Wegen der wachsenden Abhängigkeiten kursiert seit Jahren das Diktum, die Welt werde zum globalen Dorf. Hier wird das Bild plötzlich greifbar. Der Finanzgipfel der „G 20 plus 5“ – 20 Staaten plus fünf internationale Organisationen – mutet wie ein Familientreffen des globalen Dorfes an, und das Weiße Haus wie sein Rathaus. Freilich bleibt da die Frage: Ist das eine Momentaufnahme, die eine vorübergehende Ausnahmesituation spiegelt – oder zeichnen sich hier die Umrisse der künftigen Weltordnung ab, die über Jahrzehnte Bestand haben wird?

Bundesfinanzminister Peer Steinbrück dämpft die Erwartungen. Das Treffen sei kein neues „Bretton Woods“, sagt er in Anspielung auf den Ort, wo die bisher geltende Finanzordnung mit IWF und Weltbank 1944 aus der Taufe gehoben worden war. Diese Hoffnung nennt er „überzogen“. Andererseits müssten Korrekturen aus der Krise folgen. Den Abschwung durchstehen und dann alles lassen, wie es ist, das wäre „unterzogen“.

Während die Staats- und Regierungschefs, darunter Kanzlerin Angela Merkel, im „State Dining Room“ des Weißen Hauses geräucherte Wachteln, Thymianlamm und Vermont Brie zu dreierlei Weinen genossen, haben Steinbrück und Kollegen auf Einladung des US-Finanzministers Henry Paulson gespeist: im „Cash Room“ des Treasury, wo heute freilich keine üppige Barschaft mehr lagert. Gut gelaunt und zu Scherzen aufgelegt, plaudern Merkel und Steinbrück danach mit Journalisten. Nach ihrer inneren Uhr ist es längst nach vier Uhr morgens, sie sind am Freitag aus Deutschland eingeflogen.

Der Übergang zur neuen Ordnung ist noch ganz am Anfang, nichts ist besiegelt, alle suchen nach ihren Rollen. Das lässt sich den amerikanischen Samstagszeitungen entnehmen. Mit viel Selbstbewusstsein treten die Schwellenländer auf. Aus ihrer Sicht leiden sie unter einer vom Westen verursachten Krise. Sie fordern mehr Mitsprache. Ob sie auch auf Dauer mehr Verantwortung übernehmen wollen, selbst wenn das nicht unmittelbar ihren Interessen dient, ist eine offene Frage. Europa möchte die Debatte auf die Ursachen der Krise lenken, auch um die USA dahin zu bringen, eine stärkere Regulierung der Finanzmärkte mitzutragen. Bush habe einen Hauch von Schuldbewusstsein erkennen lassen mit seiner Bemerkung, es sei ja bekannt, wo die Krise ihren Ursprung habe. Freilich hat er in typischem Optimismus den Entwurf der Abschlusserklärung schon beim Dinner als „damned good paper“ gelobt.
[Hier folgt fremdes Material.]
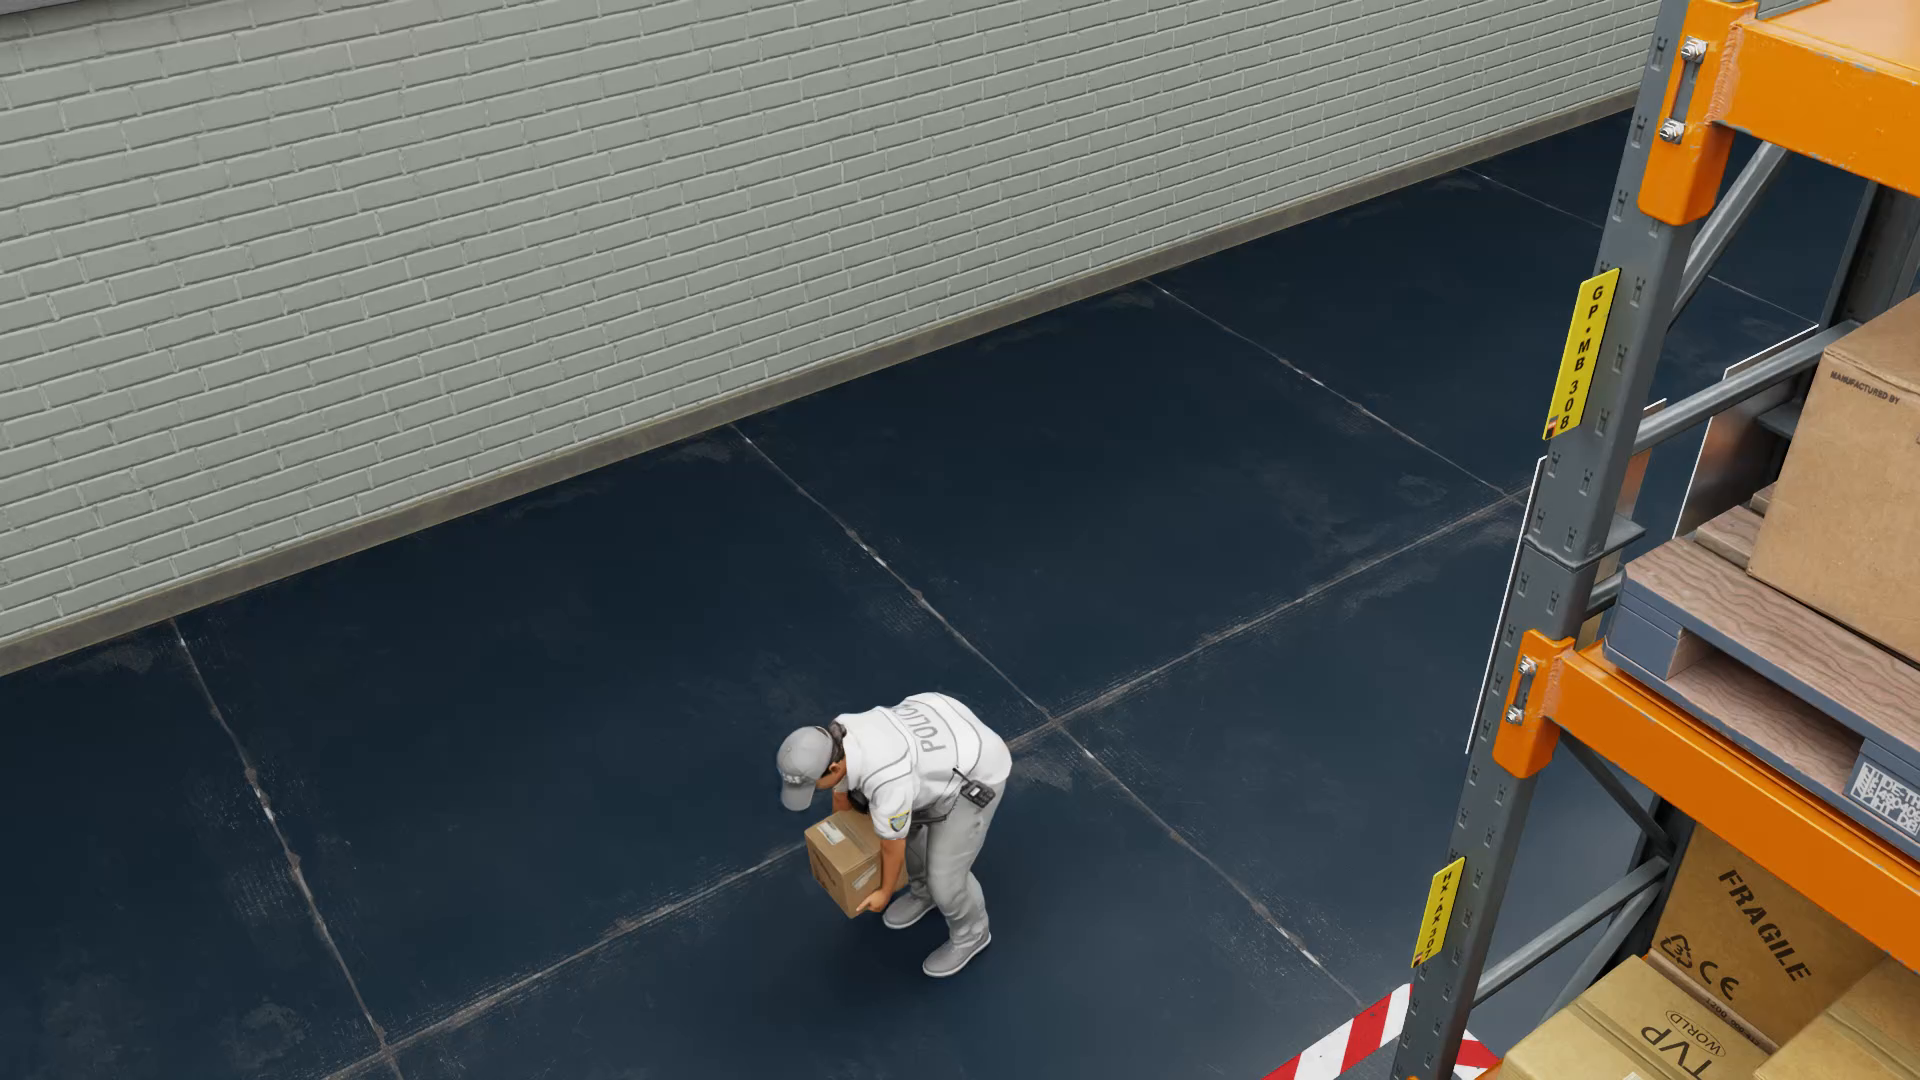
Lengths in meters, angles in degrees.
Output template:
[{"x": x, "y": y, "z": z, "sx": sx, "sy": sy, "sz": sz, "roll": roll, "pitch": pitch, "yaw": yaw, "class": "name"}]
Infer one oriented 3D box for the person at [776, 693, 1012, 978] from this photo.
[{"x": -0.235, "y": 1.037, "z": 5.895, "sx": 0.875, "sy": 1.323, "sz": 0.458, "roll": -24, "pitch": 43, "yaw": -29, "class": "person"}]

Auch die USA sind im Übergang. Wenn die vom Gipfel eingesetzte Arbeitsgruppe Ende März ihre Vorschläge zu Korrekturen der Finanzordnung vorlegt, wird Bush Geschichte sein und Barack Obama im Weißen Haus sitzen. Er nimmt am Gipfel nicht teil, hat aber Ansprechpartner für die Gäste benannt: Ex-Außenministerin Madeleine Albright, den republikanischen Abgeordneten Jim Leach und seinen außenpolitischen Berater Phil Gordon. Merkels außenpolitischer Berater Christoph Heusgen und Regierungssprecher Ulrich Wilhelm haben einen Termin bei ihnen.

Die Obama-Abgesandten hörten zu, sagten aber wenig dazu, welchen Kurs der „President elect“ einschlagen wolle, heißt es über diese Gespräche. Jemand, der sich in der Sprache der Physik auskennt, prägt die schöne Formulierung, Obama sei „semipermeabel“: Er nehme auf, lasse aber nichts heraus. In ein paar Wochen wird man wissen, welche Lager und welche Argumente Gehör beim nächsten Präsidenten gefunden haben.